Heimische Köderfische für Hecht bringen den Erfolg
Für den zweiten Tag habe ich mir eine andere Taktik vorgenommen. Eine Rute aus dem 10-m-Loch lege ich auf 6 m, falls die Fische noch nicht so tief stehen. Meine Köderfische sind eine Sardine, eine Makrele und ein Rotauge Ich lote noch einmal aus: Ist hier wirklich fester Boden mit etwas Kraut? Ja! Also noch einmal 8 Stunden, aber dieses Mal bitte mit Erfolg! „Beim Karpfenangeln sitzt man wenigstens mit kühlem Bier in der Sonne“, denke ich mir und schaue hinüber zu dem Platz, wo ich im Sommer meine Füße gemütlich ins Wasser halte und im Stundentakt die Spiegler ärgere. Bei 8 Grad Außentemperatur ein schöner Traum.
Doch in der harten Realität tut sich weiter nichts. Eine Stunde vergeht, dann 2, 3, 4. Langsam sinkt die Sonne. Wenn sie hinter der Baumreihe verschwindet, will ich gehen. Da höre ich wieder das Piepen. Keine Gans in der Nähe und es ist auch kein Tagtraum aus besseren Karpfen-Zeiten. Ich stürme zur Rute, es war die auf 8 m Tiefe, doch es läuft nichts ab. Ist vielleicht jemand in die Schnur geschwommen? Oder hat, wie im Video, der Hecht erstmal getestet, ob der Köder okay ist? Minuten vergehen. Ich will mich gerade wieder hinsetzen, da gibt es Daueralarm. Fisch! Der Drill an der dicken Karpfenrute ist nur kurz. Aber ich habe einen 62er Hecht im Kescher.

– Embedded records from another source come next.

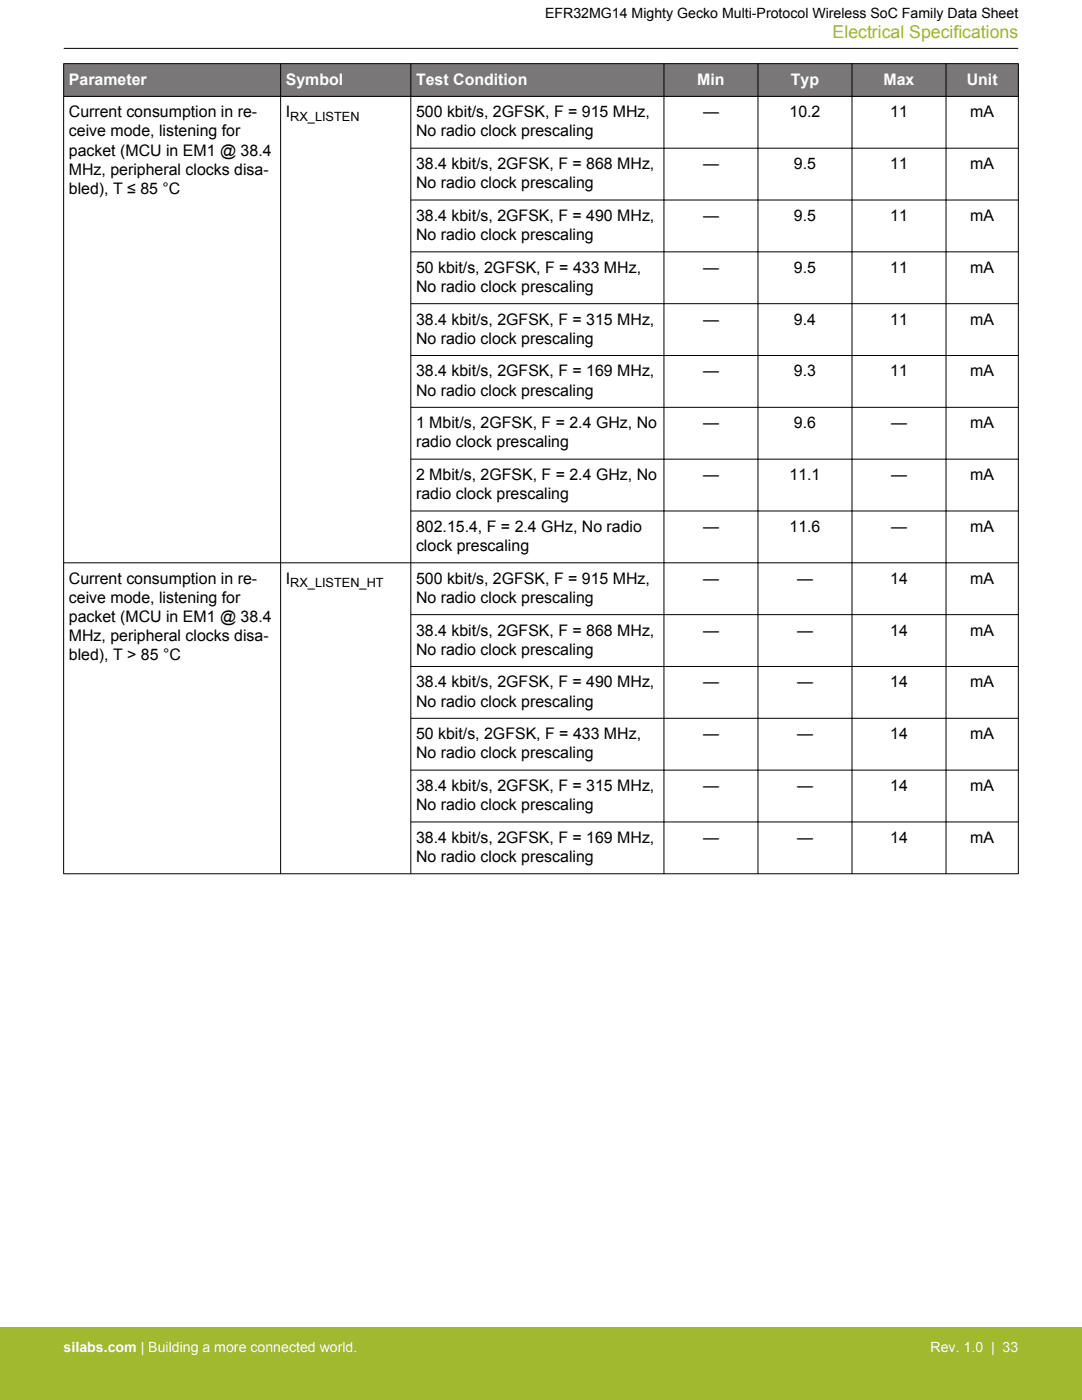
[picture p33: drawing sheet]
<svg xmlns="http://www.w3.org/2000/svg" width="216mm" height="279mm" viewBox="0 0 216 279" stroke-linecap="round" stroke-linejoin="round" font-family="sans-serif">
<defs><g id="words">
<text font-size="3.5" fill="#a1b92e" x="166.1" y="7.5">Electrical Specifications</text>
<g font-size="3.2" fill="#fff">
<text x="13.7" y="16.9">Parameter</text>
<text x="57" y="16.9">Symbol</text>
<text x="83" y="16.9">Test Condition</text>
<text x="139.1" y="16.9">Min</text>
<text x="157.8" y="16.9">Typ</text>
<text x="176.3" y="16.9">Max</text>
<text x="192.9" y="16.9">Unit</text>
</g>
<g font-size="3.2">
<text x="13.7" y="23.4">Current consumption in re-</text>
<text x="57" y="23.4">I</text>
<text x="83" y="23.4">500 kbit/s, 2GFSK, F = 915 MHz,</text>
<text x="140.3" y="23.4">—</text>
<text x="157.5" y="23.4">10.2</text>
<text x="177.6" y="23.4">11</text>
<text x="193.6" y="23.4">mA</text>
<text x="13.7" y="27.2">ceive mode, listening for</text>
<text x="83" y="27.2">No radio clock prescaling</text>
<text x="13.7" y="31">packet (MCU in EM1 @ 38.4</text>
<text x="13.7" y="34.8">MHz, peripheral clocks disa-</text>
<text x="83" y="33.8">38.4 kbit/s, 2GFSK, F = 868 MHz,</text>
<text x="140.3" y="33.8">—</text>
<text x="158.4" y="33.8">9.5</text>
<text x="177.6" y="33.8">11</text>
<text x="193.6" y="33.8">mA</text>
<text x="13.7" y="38.7">bled), T ≤ 85 °C</text>
<text x="83" y="37.6">No radio clock prescaling</text>
<text x="83" y="44.1">38.4 kbit/s, 2GFSK, F = 490 MHz,</text>
<text x="83" y="47.9">No radio clock prescaling</text>
<text x="140.3" y="44.1">—</text>
<text x="158.4" y="44.1">9.5</text>
<text x="177.6" y="44.1">11</text>
<text x="193.6" y="44.1">mA</text>
<text x="83" y="54.4">50 kbit/s, 2GFSK, F = 433 MHz,</text>
<text x="83" y="58.3">No radio clock prescaling</text>
<text x="140.3" y="54.4">—</text>
<text x="158.4" y="54.4">9.5</text>
<text x="177.6" y="54.4">11</text>
<text x="193.6" y="54.4">mA</text>
<text x="83" y="64.8">38.4 kbit/s, 2GFSK, F = 315 MHz,</text>
<text x="140.3" y="64.8">—</text>
<text x="158.4" y="64.8">9.4</text>
<text x="177.6" y="64.8">11</text>
<text x="193.6" y="64.8">mA</text>
<text x="83" y="68.6">No radio clock prescaling</text>
<text x="83" y="75.1">38.4 kbit/s, 2GFSK, F = 169 MHz,</text>
<text x="140.3" y="75.1">—</text>
<text x="158.4" y="75.1">9.3</text>
<text x="177.6" y="75.1">11</text>
<text x="193.6" y="75.1">mA</text>
<text x="83" y="78.9">No radio clock prescaling</text>
<text x="83" y="85.5">1 Mbit/s, 2GFSK, F = 2.4 GHz, No</text>
<text x="83" y="89.3">radio clock prescaling</text>
<text x="140.3" y="85.5">—</text>
<text x="158.4" y="85.5">9.6</text>
<text x="177.8" y="85.5">—</text>
<text x="193.6" y="85.5">mA</text>
<text x="83" y="95.8">2 Mbit/s, 2GFSK, F = 2.4 GHz, No</text>
<text x="140.3" y="95.8">—</text>
<text x="157.5" y="95.8">11.1</text>
<text x="177.8" y="95.8">—</text>
<text x="193.6" y="95.8">mA</text>
<text x="83" y="99.6">radio clock prescaling</text>
<text x="83" y="106.2">802.15.4, F = 2.4 GHz, No radio</text>
<text x="140.3" y="106.2">—</text>
<text x="157.5" y="106.2">11.6</text>
<text x="177.8" y="106.2">—</text>
<text x="193.6" y="106.2">mA</text>
<text x="83" y="110">clock prescaling</text>
<text x="13.7" y="116.5">Current consumption in re-</text>
<text x="57" y="116.5">I</text>
<text x="83" y="116.5">500 kbit/s, 2GFSK, F = 915 MHz,</text>
<text x="140.3" y="116.5">—</text>
<text x="159" y="116.5">—</text>
<text x="177.6" y="116.5">14</text>
<text x="193.6" y="116.5">mA</text>
<text x="13.7" y="120.3">ceive mode, listening for</text>
<text x="13.7" y="124.1">packet (MCU in EM1 @ 38.4</text>
<text x="83" y="120.3">No radio clock prescaling</text>
<text x="13.7" y="127.9">MHz, peripheral clocks disa-</text>
<text x="13.7" y="131.7">bled), T &gt; 85 °C</text>
<text x="83" y="126.8">38.4 kbit/s, 2GFSK, F = 868 MHz,</text>
<text x="83" y="130.7">No radio clock prescaling</text>
<text x="140.3" y="126.8">—</text>
<text x="159" y="126.8">—</text>
<text x="177.6" y="126.8">14</text>
<text x="193.6" y="126.8">mA</text>
<text x="83" y="137.2">38.4 kbit/s, 2GFSK, F = 490 MHz,</text>
<text x="140.3" y="137.2">—</text>
<text x="159" y="137.2">—</text>
<text x="177.6" y="137.2">14</text>
<text x="193.6" y="137.2">mA</text>
<text x="83" y="141">No radio clock prescaling</text>
<text x="83" y="147.5">50 kbit/s, 2GFSK, F = 433 MHz,</text>
<text x="140.3" y="147.5">—</text>
<text x="159" y="147.5">—</text>
<text x="177.6" y="147.5">14</text>
<text x="193.6" y="147.5">mA</text>
<text x="83" y="151.3">No radio clock prescaling</text>
<text x="83" y="157.9">38.4 kbit/s, 2GFSK, F = 315 MHz,</text>
<text x="83" y="161.7">No radio clock prescaling</text>
<text x="140.3" y="157.9">—</text>
<text x="159" y="157.9">—</text>
<text x="177.6" y="157.9">14</text>
<text x="193.6" y="157.9">mA</text>
<text x="83" y="168.2">38.4 kbit/s, 2GFSK, F = 169 MHz,</text>
<text x="83" y="172">No radio clock prescaling</text>
<text x="140.3" y="168.2">—</text>
<text x="159" y="168.2">—</text>
<text x="177.6" y="168.2">14</text>
<text x="193.6" y="168.2">mA</text>
</g>
<text font-size="2.8" x="108.8" y="3.5">EFR32MG14 Mighty Gecko Multi-Protocol Wireless SoC Family Data Sheet</text>
<g font-size="2.8" fill="#fff">
<text x="12.7" y="269.9">silabs.com | Building a more connected world.</text>
<text x="185.7" y="269.9">Rev. 1.0 | 33</text>
</g>
<g font-size="2.5">
<text x="57.9" y="24">RX_LISTEN</text>
<text x="57.9" y="117.1">RX_LISTEN_HT</text>
</g>
</g></defs>
<g fill="#797777">
<path d="M12.7 12.7h190.5v6.5h-190.5z" fill-rule="evenodd"/>
<path d="M12.7 12.7h190.5v6.5h-190.5z" fill-rule="evenodd"/>
</g>
<g fill="none" stroke="#000" stroke-width=".2">
<path d="M12.7 12.7h190.5M12.7 19.2h190.5M12.7 12.7v161.7M12.7 9.7h190.5M56 12.7v161.7M82 12.7v161.7M132.5 12.7v161.7M151.2 12.7v161.7M170 12.7v161.7M188.8 12.7v161.7M203.2 12.7v161.7M81.9 29.6h121.3"/>
<path d="M81.9 39.9h121.3M81.9 50.3h121.3M81.9 60.6h121.3M81.9 70.9h121.3M81.9 81.3h121.3M81.9 91.6h121.3M81.9 102h121.3M203.2 112.3h-190.5M81.9 122.7h121.3M81.9 133h121.3M81.9 143.4h121.3M81.9 153.7h121.3"/>
<path d="M12.7 174.4h190.5M81.9 164h121.3"/>
</g>
<path d="M0 264.9h215.9v14.5h-215.9z" fill="#a1b92e"/>
<use href="#words"/>
</svg>

Er hat sich ein Rotauge gegönnt, das mit Hilfe von Schaumstoff kurz über dem Gewässergrund schwebte. Es funktioniert! Zwar ist die Beute nur halb so groß wie im ersten YouTube-Video, das ich gesehen habe, aber egal. Fisch ist Fisch! Vielleicht wird auf YouTube auch nicht immer die anglerische Realität abgebildet. Und mit einer neuen Angelmethode ist man immer stolz auf den ersten Fang. In den nächsten Wochen werde ich es weiter probieren, sie bei frostigen Temperaturen mit fetten Salzwasserfischen zu fangen. Zwar hat diesmal das Rotauge die Nase vorn gehabt – aber ein Wert macht noch keine Statistik über Köderfische für Hecht.